Mit diesem Slogan hat die Wirtschaftskammer im Jahr 2005 viel Häme einstecken müssen und das hängt ihr bis heute nach – dabei hat er durchaus seine Richtigkeit. Der Fehler bestand allerdings darin, dass die Kammer damit einen vollkommen verengten Wirtschaftsbegriff transportierte. Es beginnt ja schon damit, dass es den Unternehmern gelungen ist, ihre Interessensvertretung Wirtschaftskammer zu nennen und nicht, was ja der Realität entspräche, als Gegenpart zur Arbeiterkammer – Unternehmerkammer. So kommt es, dass landläufig, wenn man von Wirtschaft spricht, an Unternehmer und Industrielle und die leitenden Personen der „For-Profit-Wirtschaft“ gedacht wird. Dabei umfasst eine funktionierende Wirtschaft aber alle Bereiche des Lebens, die mit Versorgung, Vorsorge und Fürsorge zu tun haben. Nicht umsonst leitet sich Ökonomie von Oikos – griechisch Haus – ab.
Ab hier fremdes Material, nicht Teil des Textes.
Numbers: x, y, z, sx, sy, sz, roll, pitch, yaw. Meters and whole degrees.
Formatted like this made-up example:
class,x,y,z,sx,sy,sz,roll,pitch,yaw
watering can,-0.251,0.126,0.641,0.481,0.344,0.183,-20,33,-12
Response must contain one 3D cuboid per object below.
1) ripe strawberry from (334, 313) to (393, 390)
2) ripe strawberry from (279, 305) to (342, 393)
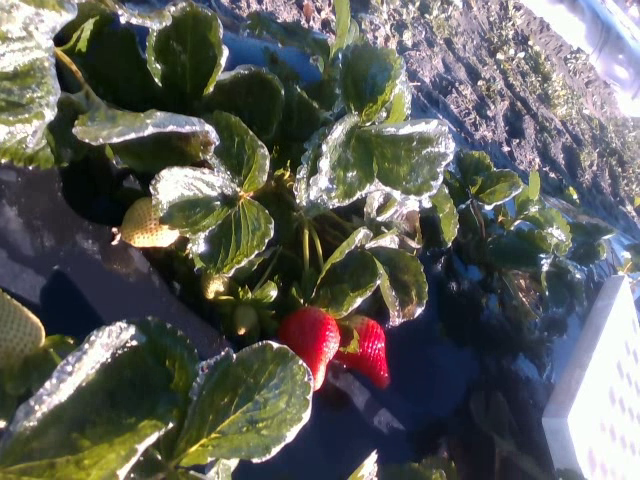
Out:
class,x,y,z,sx,sy,sz,roll,pitch,yaw
ripe strawberry,0.042,0.087,0.460,0.040,0.059,0.043,-17,9,42
ripe strawberry,-0.001,0.083,0.427,0.040,0.070,0.052,-13,-35,31
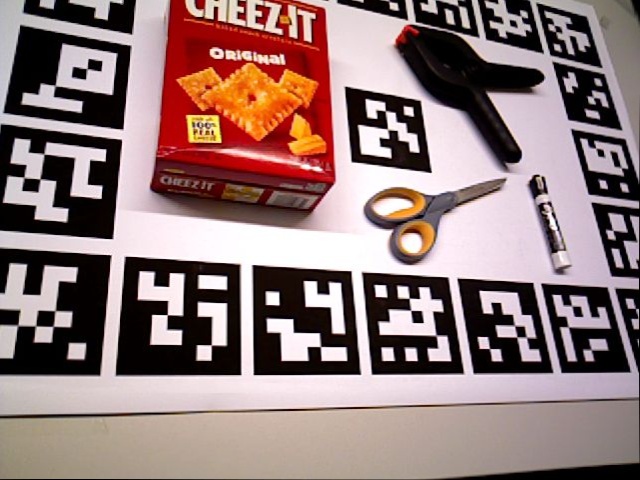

Die Hauswirtschaft ist also der Ursprung allen Wirtschaftens und ein großer Teil der Wirtschaftsleistung wird nach wie vor dort erbracht. Aber auch der Staat ist ein großer Wirtschaftsakteur, man kann ja weltweit beobachten, wozu der neoliberale Ansatz „mehr privat – weniger Staat“ geführt hat, nämlich zu kaputter Infrastruktur und mangelhafter Grundversorgung im Gesundheitswesen, der Bildung, Pflege usw.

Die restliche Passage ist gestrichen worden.